Any one used the UK HMRC's new NOVA system to bring a vehicle from PT into the UK?


----------



## canoeman (Mar 3, 2011)

You need a Government Gateway Account to do it online, tax & duty only apply to "new" cars and cars that might not have paid VAT when bought


----------



## BodgieMcBodge (Mar 8, 2013)

I'm looking for someone who has been through this already.

I have a fine for not declaring NOVA (HMRC put it on the NOVA computer system for non Gateway holders) within 2 weeks on an old vehicle and the fine goes at £5 a day thus making the vehicle scrap. Tax to pay is zero. There are no contact numbers/help line/email.


----------



## canoeman (Mar 3, 2011)

This is VAT helpline number 0300 200 3700 or from here +44 (0)2920 501 261 sounds like you've been caught out by this new requirement but it only applies if your intention was to matriculate car


----------



## BodgieMcBodge (Mar 8, 2013)

I'm looking for someone who has been through this already.

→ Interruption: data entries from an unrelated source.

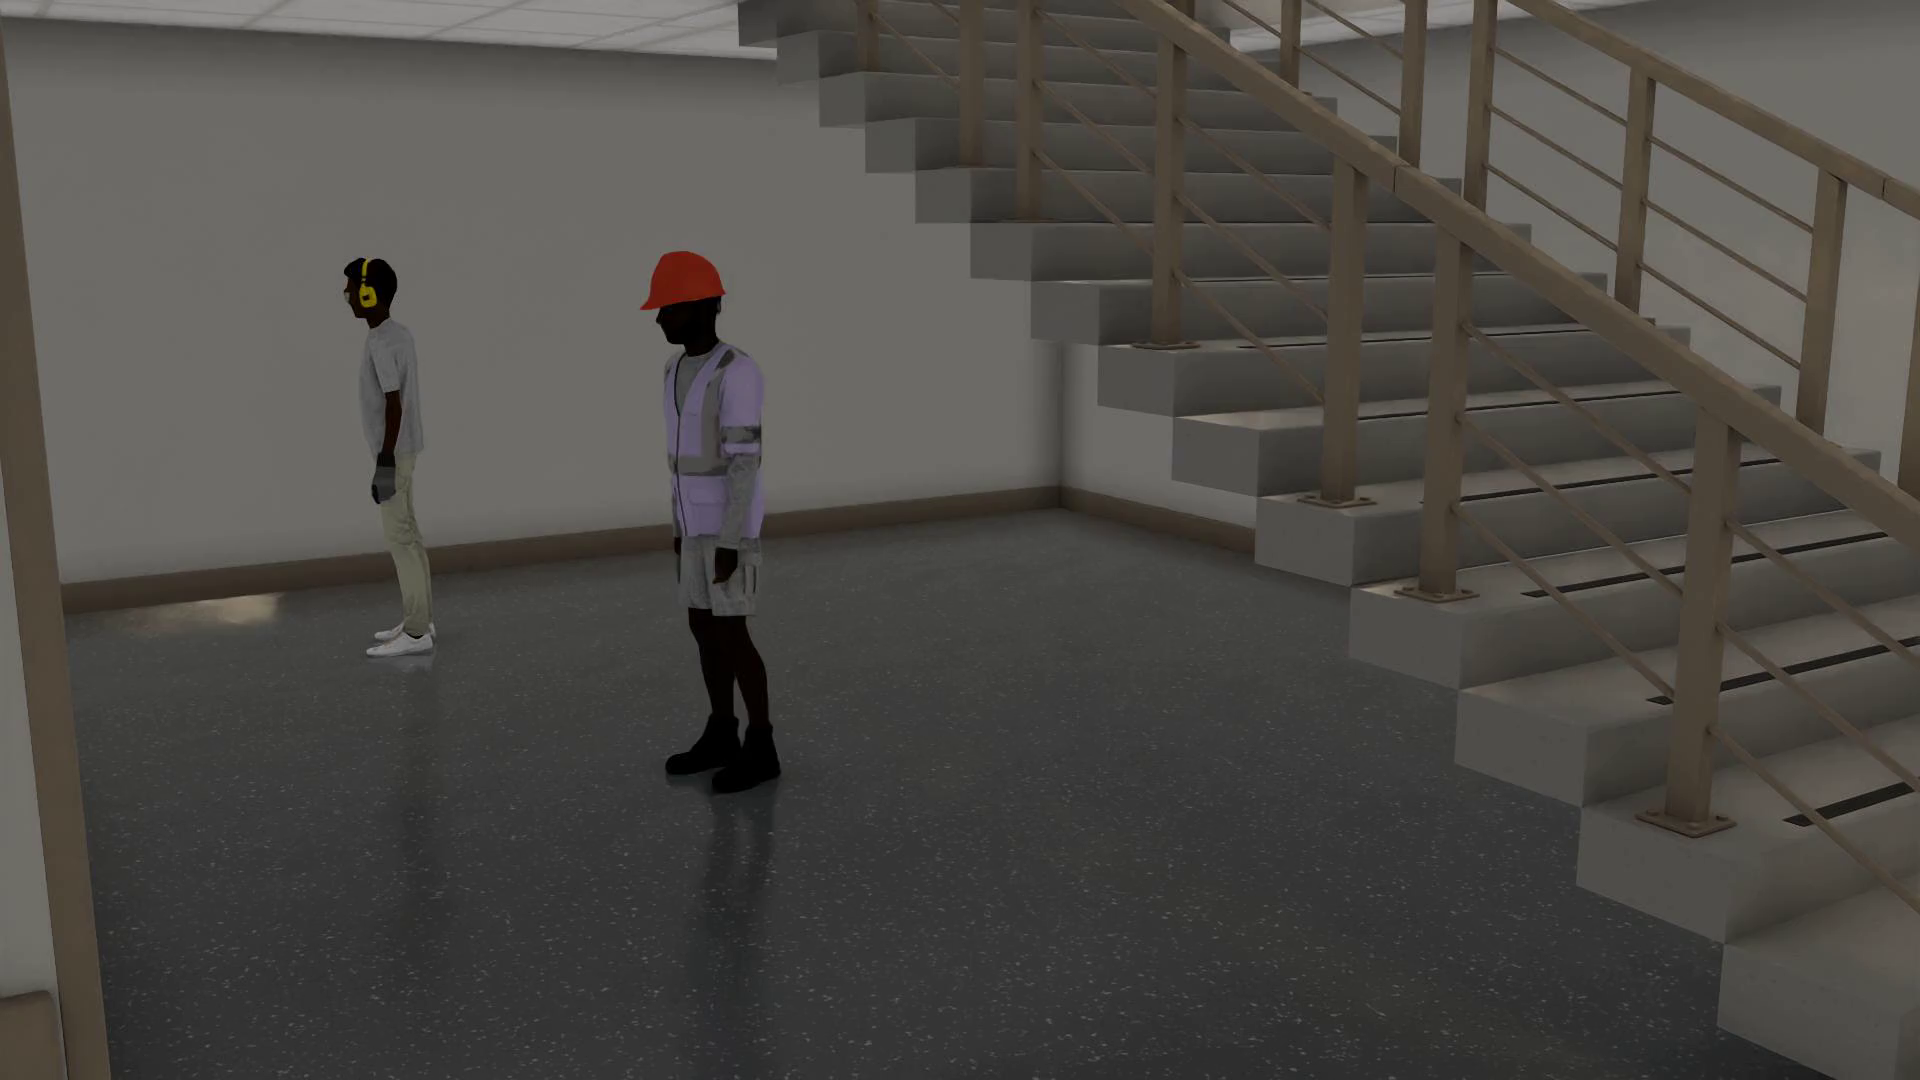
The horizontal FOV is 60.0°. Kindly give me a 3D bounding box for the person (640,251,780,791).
[{"bbox_3d":[-0.911,-0.061,5.973,0.420,1.923,0.561,-9,14,-40],"label":"person"}]

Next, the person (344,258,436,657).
[{"bbox_3d":[-2.675,-0.380,7.805,0.310,1.864,0.534,-2,11,-10],"label":"person"}]
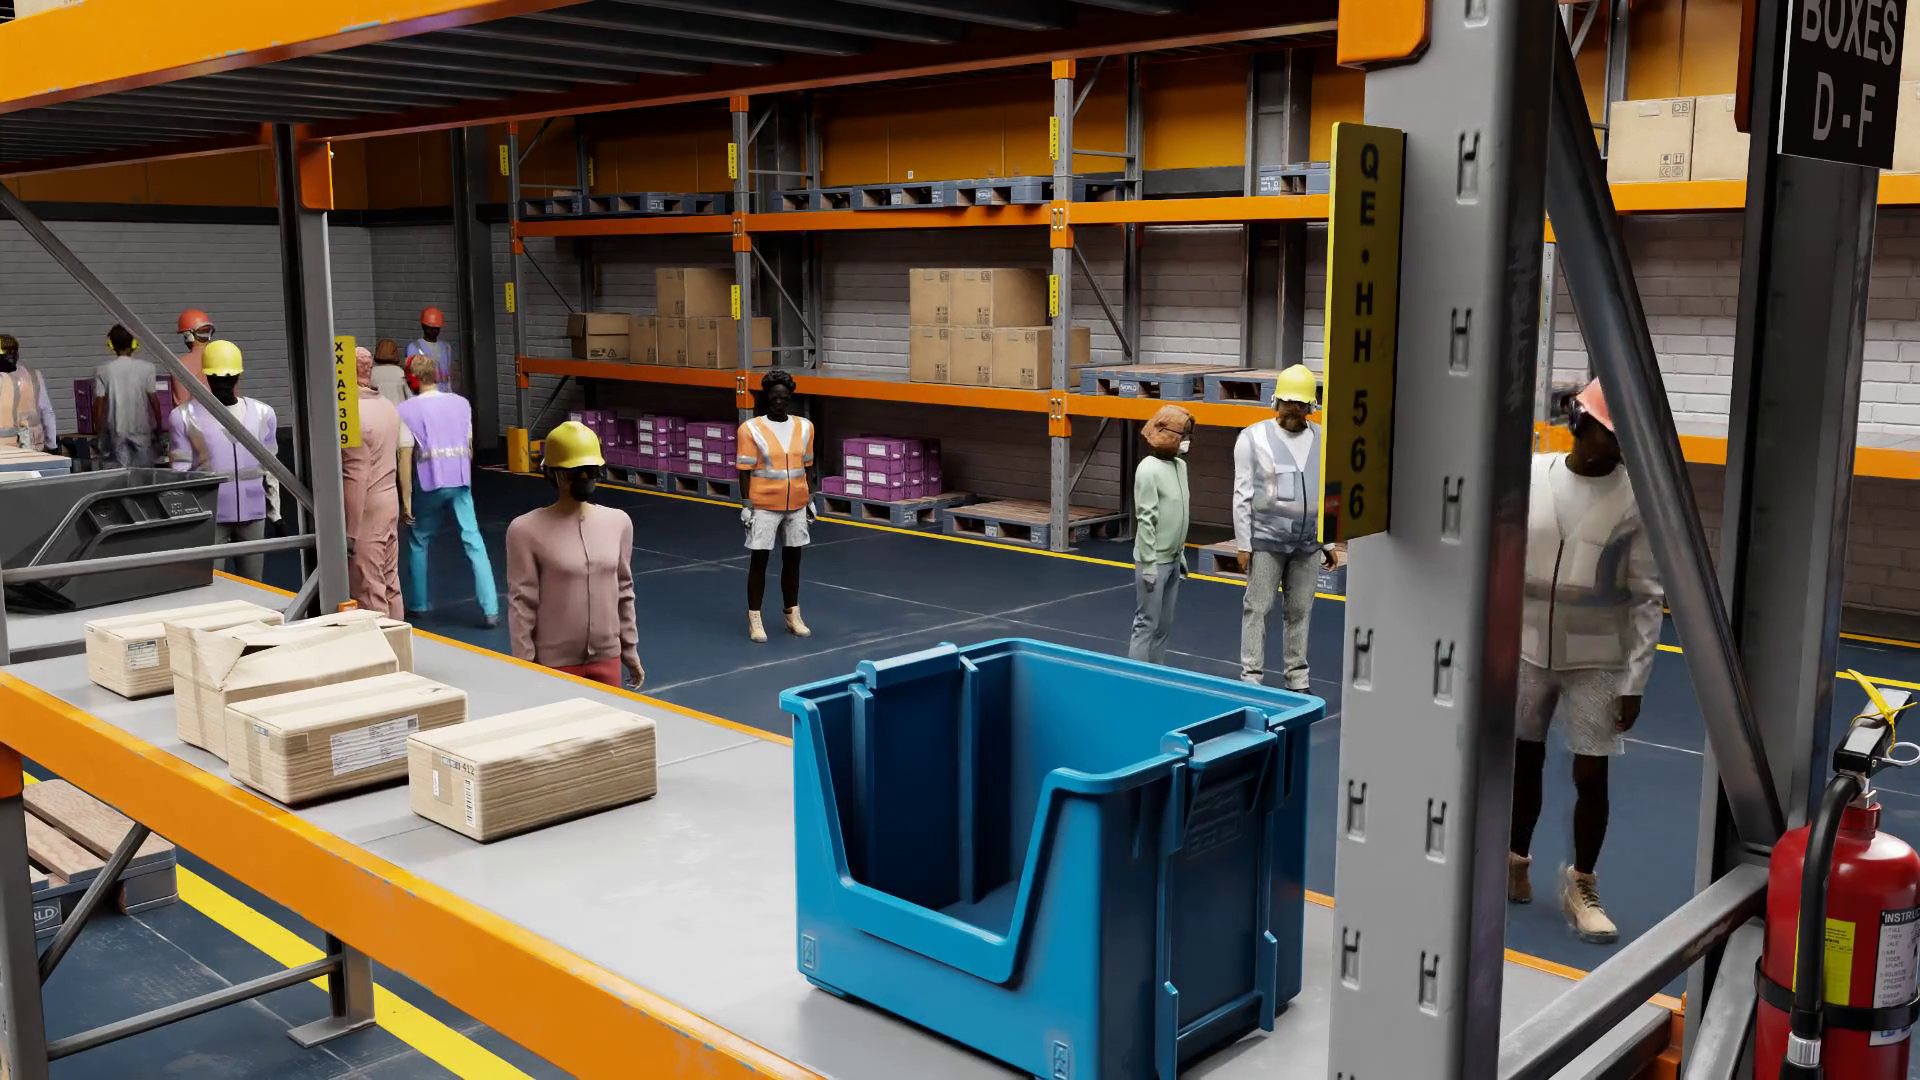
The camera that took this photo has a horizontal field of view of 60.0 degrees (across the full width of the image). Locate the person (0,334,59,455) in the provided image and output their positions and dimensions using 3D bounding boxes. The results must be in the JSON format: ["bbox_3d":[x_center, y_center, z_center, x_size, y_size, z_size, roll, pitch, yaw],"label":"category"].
[{"bbox_3d":[-7.693,-0.772,13.484,0.915,1.809,0.632,6,11,34],"label":"person"}]

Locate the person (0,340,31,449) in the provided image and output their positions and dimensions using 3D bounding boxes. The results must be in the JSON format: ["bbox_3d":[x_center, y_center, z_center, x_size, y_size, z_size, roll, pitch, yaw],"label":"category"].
[{"bbox_3d":[-6.758,-0.527,11.603,0.370,1.924,0.586,7,12,37],"label":"person"}]

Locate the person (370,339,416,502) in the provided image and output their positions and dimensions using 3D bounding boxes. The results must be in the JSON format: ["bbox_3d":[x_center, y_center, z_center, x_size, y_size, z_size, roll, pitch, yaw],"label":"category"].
[{"bbox_3d":[-5.584,-1.149,16.300,0.500,1.633,0.286,-2,9,-10],"label":"person"}]

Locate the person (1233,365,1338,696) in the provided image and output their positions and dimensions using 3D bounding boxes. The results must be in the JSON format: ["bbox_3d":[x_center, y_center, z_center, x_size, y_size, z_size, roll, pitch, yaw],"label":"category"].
[{"bbox_3d":[1.705,0.002,8.664,0.586,1.825,0.404,-2,10,-15],"label":"person"}]

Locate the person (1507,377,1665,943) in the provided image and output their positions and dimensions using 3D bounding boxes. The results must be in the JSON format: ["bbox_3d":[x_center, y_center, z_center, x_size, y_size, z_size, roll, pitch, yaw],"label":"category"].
[{"bbox_3d":[2.042,0.394,5.792,0.792,1.996,0.422,8,12,42],"label":"person"}]

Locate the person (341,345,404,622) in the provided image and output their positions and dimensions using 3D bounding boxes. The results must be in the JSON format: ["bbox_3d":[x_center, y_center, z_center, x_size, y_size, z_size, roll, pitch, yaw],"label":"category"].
[{"bbox_3d":[-3.277,-0.108,9.080,0.404,1.910,0.636,0,9,-1],"label":"person"}]

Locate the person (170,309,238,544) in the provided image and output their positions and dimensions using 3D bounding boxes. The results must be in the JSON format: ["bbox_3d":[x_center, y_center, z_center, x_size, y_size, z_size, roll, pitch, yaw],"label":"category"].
[{"bbox_3d":[-6.092,-0.862,13.440,0.380,1.993,0.610,4,10,25],"label":"person"}]

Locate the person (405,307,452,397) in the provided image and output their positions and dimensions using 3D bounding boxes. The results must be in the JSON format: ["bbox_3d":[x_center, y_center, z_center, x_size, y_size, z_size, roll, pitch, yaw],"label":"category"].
[{"bbox_3d":[-5.396,-1.421,17.065,0.385,1.929,0.547,6,11,31],"label":"person"}]

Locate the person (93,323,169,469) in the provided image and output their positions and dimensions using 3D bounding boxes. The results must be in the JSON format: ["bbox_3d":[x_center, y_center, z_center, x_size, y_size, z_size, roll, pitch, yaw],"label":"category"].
[{"bbox_3d":[-6.985,-0.891,14.020,0.569,1.860,0.436,-1,9,-9],"label":"person"}]

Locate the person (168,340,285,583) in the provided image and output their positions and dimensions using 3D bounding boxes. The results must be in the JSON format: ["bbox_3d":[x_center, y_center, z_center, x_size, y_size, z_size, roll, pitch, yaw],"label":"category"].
[{"bbox_3d":[-4.074,-0.152,9.300,0.591,1.923,0.381,-8,13,-42],"label":"person"}]

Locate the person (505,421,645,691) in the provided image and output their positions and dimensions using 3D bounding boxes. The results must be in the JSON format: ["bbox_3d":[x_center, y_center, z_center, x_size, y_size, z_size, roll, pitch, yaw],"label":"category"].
[{"bbox_3d":[-1.404,0.444,6.126,0.524,1.770,0.315,-9,13,-42],"label":"person"}]

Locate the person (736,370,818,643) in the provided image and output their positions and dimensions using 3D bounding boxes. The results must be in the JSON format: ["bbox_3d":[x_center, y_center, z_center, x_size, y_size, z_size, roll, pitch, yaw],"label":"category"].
[{"bbox_3d":[-1.133,-0.215,10.371,0.540,1.698,0.317,-6,11,-31],"label":"person"}]

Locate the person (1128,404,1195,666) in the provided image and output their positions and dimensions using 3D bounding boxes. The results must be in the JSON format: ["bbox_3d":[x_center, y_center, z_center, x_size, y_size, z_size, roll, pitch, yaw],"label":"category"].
[{"bbox_3d":[1.040,0.120,8.518,0.283,1.633,0.498,5,11,29],"label":"person"}]

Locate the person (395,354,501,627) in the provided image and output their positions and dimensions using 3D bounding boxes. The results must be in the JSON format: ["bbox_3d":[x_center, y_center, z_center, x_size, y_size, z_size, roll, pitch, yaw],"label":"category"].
[{"bbox_3d":[-3.364,-0.313,10.804,0.595,1.776,0.902,-8,12,-41],"label":"person"}]

I have a fine for not declaring NOVA (HMRC put it on the NOVA computer system for non Gateway holders) within 2 weeks on an old vehicle and the fine goes at £5 a day thus making the vehicle scrap. Tax to pay is zero I'm looking for someone who has been through this already.

I have a fine for not declaring NOVA (HMRC put it on the NOVA computer system for non Gateway holders) within 2 weeks on an old vehicle and the fine goes at £5 a day thus making the vehicle scrap. Tax to pay is zero. There are no contact numbers/help line/email. . There are no contact numbers/help line/email. 

This is not a VAT problem as I have already tried this and it has been judged as "no tax to pay".


----------



## canoeman (Mar 3, 2011)

NOVA is all to do with VAT & duty, so then presumably the fine is for not notifying HMRC within the 14 days? i don't see how they can issue a fine without also supplying contact details? the only helplines listed are for VAT, they'll be few on here who will have used NOVA as we all do the import into Portugal, I'm only aware because I just helped someone take a car back to UK and matriculate and this 14 day seems a very new stipulation, here you have 6 months and everyone complains about Portuguese rules & regulations


----------